Despite significant industry investment in digital advice solutions and growing regulatory support through initiatives like the Quality of Advice Review, Australian consumers remain cautious about adopting digital financial tools. The 2024 Australian Financial Advice Landscape Report revealed that fewer than one-third of Australians have embraced digital solutions for managing, investing, or trading money - a stark contrast to the industry's enthusiastic push toward digital-only advice solutions. Despite the current consumer hesitancy, this commitment to digital-only advice solutions is something for the financial services industry to contemplate.
Industry Push vs. Consumer Reality
Despite regular trade media stories about financial services organisations launching new digital advice solutions and some providers declaring 2025 as 'the year of digital advice', consumer adoption remains tepid. This disconnect underscores the need for the industry to adopt a more consumer-centric approach to digital-only advice transformation, ensuring that current solutions truly address consumer needs and concerns as their wealth grows.
The Age Factor and Digital Comfort
The data reveals a clear generational divide in digital comfort levels, with interest in digital investing showing a consistent decline as age increases. Among younger Australians under 25, interest has grown significantly from 34% to 52% over the past year. This enthusiasm gradually diminishes through the age brackets, with those aged 25-34 showing 44% interest (up from 40%) and continuing to decline until reaching just 15% among those aged 55-64 (up from 11%). For those over 65, interest drops below 10%. This declining comfort with digital solutions among older demographics is particularly enlightening as these age groups typically need financial advice and the assets to pay for it.

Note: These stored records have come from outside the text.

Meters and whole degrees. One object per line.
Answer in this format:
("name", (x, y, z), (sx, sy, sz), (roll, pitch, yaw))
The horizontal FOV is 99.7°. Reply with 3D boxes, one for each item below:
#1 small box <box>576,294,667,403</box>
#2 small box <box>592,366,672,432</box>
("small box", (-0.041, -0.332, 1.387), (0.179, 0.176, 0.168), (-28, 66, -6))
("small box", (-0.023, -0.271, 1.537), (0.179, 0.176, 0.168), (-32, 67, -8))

Figure 1: Percentage of population interested in using technology for investing
Source: Adviser Ratings, 2024 Australian Financial Advice Landscape Report
The question is, is the decreasing uptake in digital advice an age thing, or is it just a cheap and cheerful tool for those with less at risk and less ability to pay?

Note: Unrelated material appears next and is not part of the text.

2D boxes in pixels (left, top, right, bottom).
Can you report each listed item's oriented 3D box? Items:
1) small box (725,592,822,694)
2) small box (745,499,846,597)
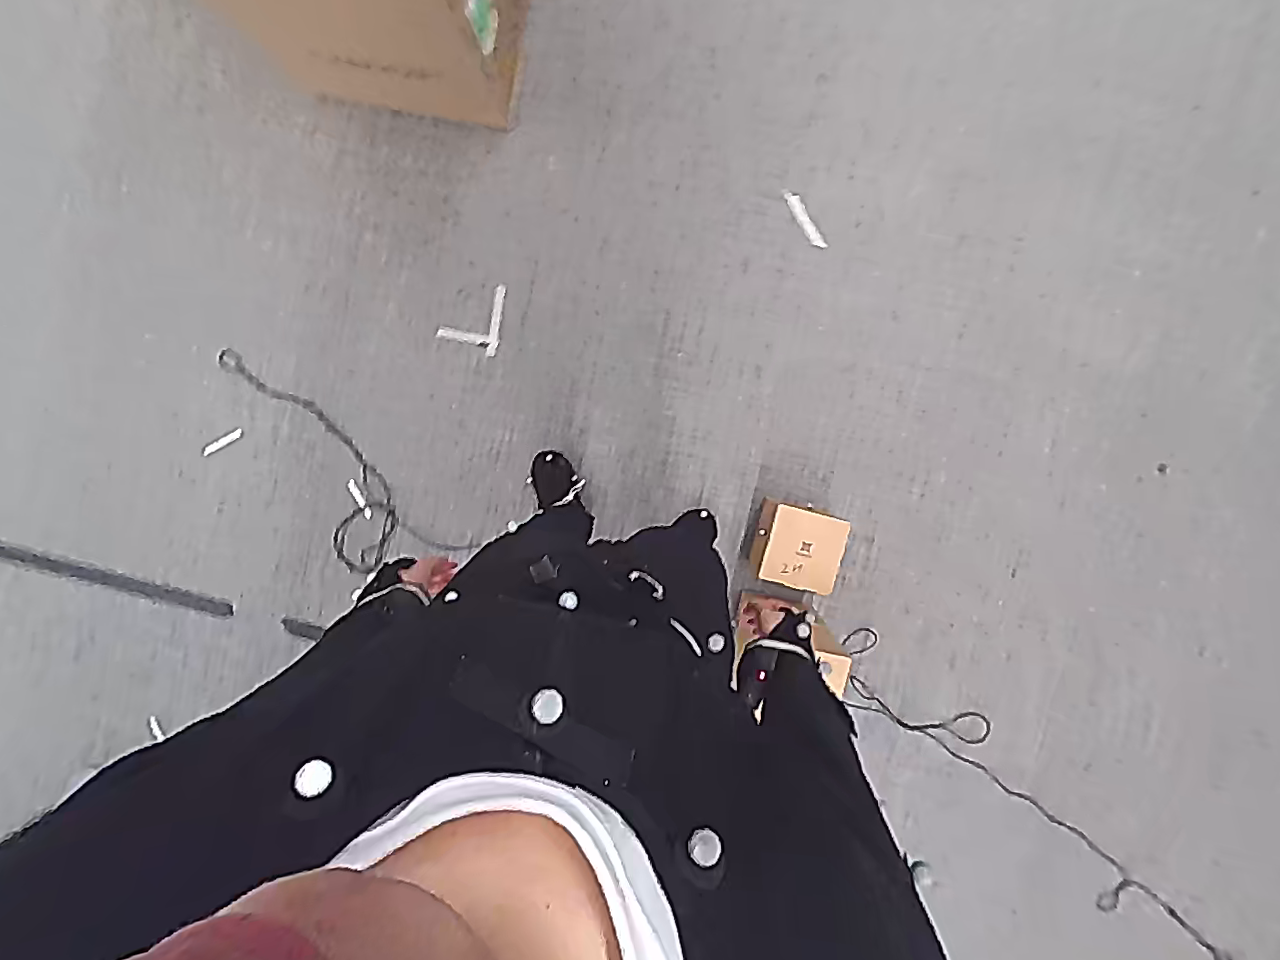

Understanding Consumer Hesitancy
Trust and Security Concerns
Academic research identifies several key barriers to digital advice adoption. Belanche et al. (2019) showed that familiarity plays a crucial role, with those more acquainted with AI and digital tools generally showing more positive attitudes. However, security concerns remain paramount, with many consumers expressing significant reservations about sharing personal financial information through digital platforms, as highlighted in research by Sathye (1999).

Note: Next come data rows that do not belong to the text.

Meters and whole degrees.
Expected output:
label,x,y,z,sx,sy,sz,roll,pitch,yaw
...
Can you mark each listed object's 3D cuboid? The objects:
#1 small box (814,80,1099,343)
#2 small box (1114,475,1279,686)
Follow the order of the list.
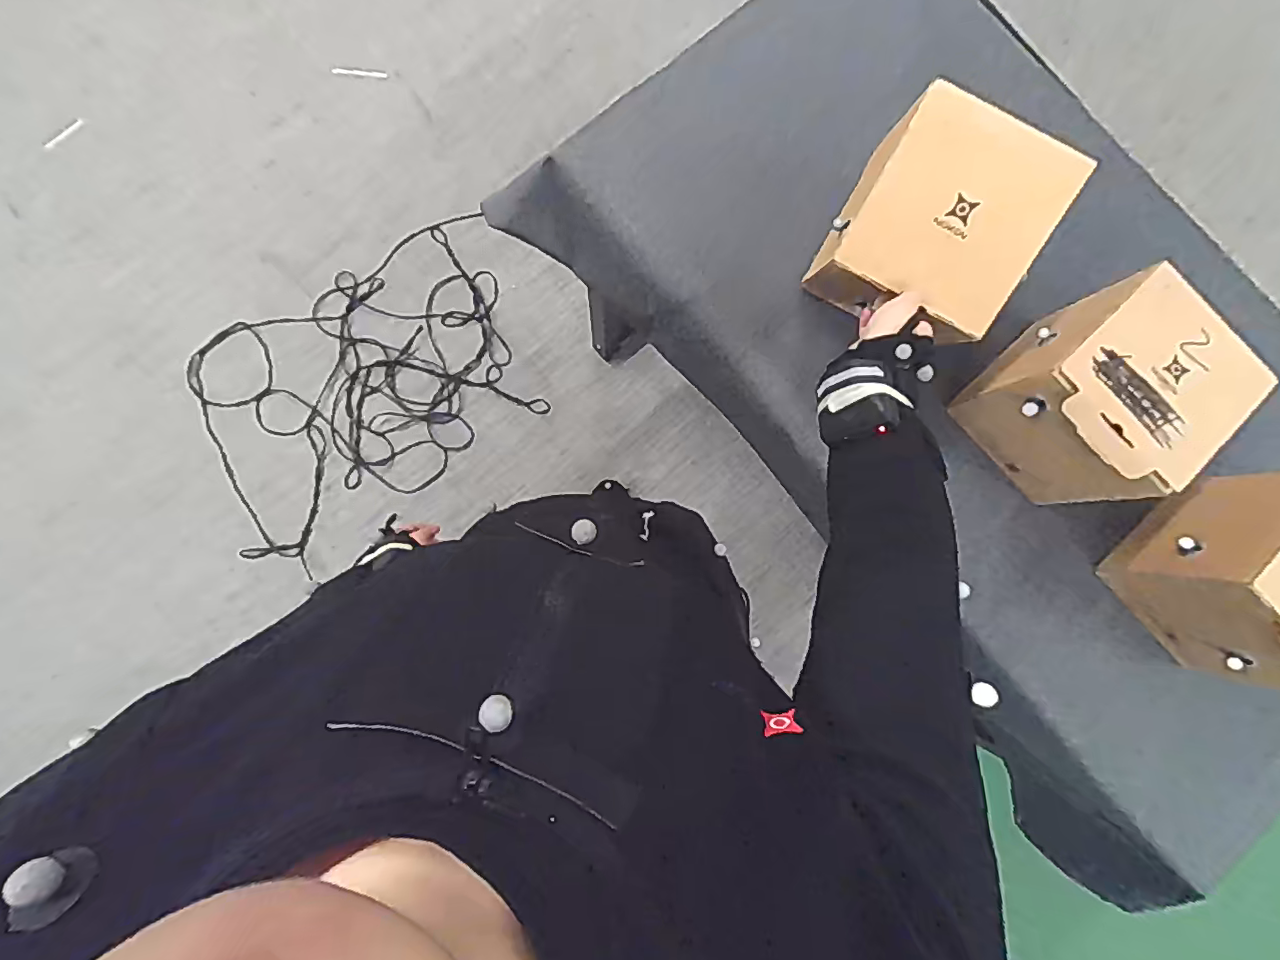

The perceived value proposition presents another significant hurdle. Laukkanen's 2016 research demonstrates that consumers need to see clear, tangible benefits in order to adopt new financial technologies. Even when consumers do adopt digital tools, Adapa and Roy (2017) showed a significant gap often exists between initial adoption and consistent usage of the advice provided, which is one critical requirement of good advice.
Consumer Attitudes Toward AI
The AFLR 2024 reveals a nuanced picture of consumer attitudes toward artificial intelligence in financial advice. While 38% of consumers express positive sentiments about AI use in financial services, nearly equal proportions (34%) remain pessimistic, and the remaining 26% take a neutral stance.
Figure 2: Consumer attitudes towards AI in financial advice
However, when digging deeper into this, consumers show measured optimism when considering AI's specific role in financial advice, but in one particular way. A significant portion (31%) believe AI will enhance financial advisers' capabilities rather than replace them, with only 12% expecting AI to lead to adviser replacement. Nearly a quarter of respondents (23%) anticipate AI helping to reduce advice fees, while 24% expect no significant impact on the industry. In short, AI will make improvements to the accessibility and capacity of professional human financial advisers, but consumers aren't looking to technology to replace their financial advisers any time soon.
The Affordability Challenge Versus The Value of Human Advice
The relationship between digital solutions and advice affordability presents a complex picture, and the question remains whether digital advice is solving the affordability challenge as intended. On the one hand, most consumers (67%) indicate a willingness to pay up to $500 annually for advice, with diminishing numbers willing to pay higher amounts - 19% would consider $500-$1,000, while only 14% would pay more than $1,000. Given the regulatory and operational costs involved, these price points create significant challenges for delivering even digital-first solutions profitably.
Figure 3: Consumer willingness to pay for financial advice
Source: Adviser Ratings, 2024 Australian Financial Advice Landscape Report
However, the AFLR 2024 demonstrates clear benefits of human financial advice through measurable financial literacy and confidence outcomes. Advised Australians consistently demonstrate higher levels of financial literacy, with 44% indicating above-average knowledge compared to 33% of their unadvised counterparts. This advantage extends to financial confidence, with advised individuals showing significantly higher confidence in their financial future and 23% more likely to feel confident about their finances overall. These findings underscore the value and importance of human financial advice across the industry.
Emerging Best Practices
Leading practices are adopting hybrid models that leverage technology while maintaining human relationships. Successful technology integration focuses on four key areas: enhanced client communication, improved administrative efficiency, sophisticated data analytics, and expanded client access to services.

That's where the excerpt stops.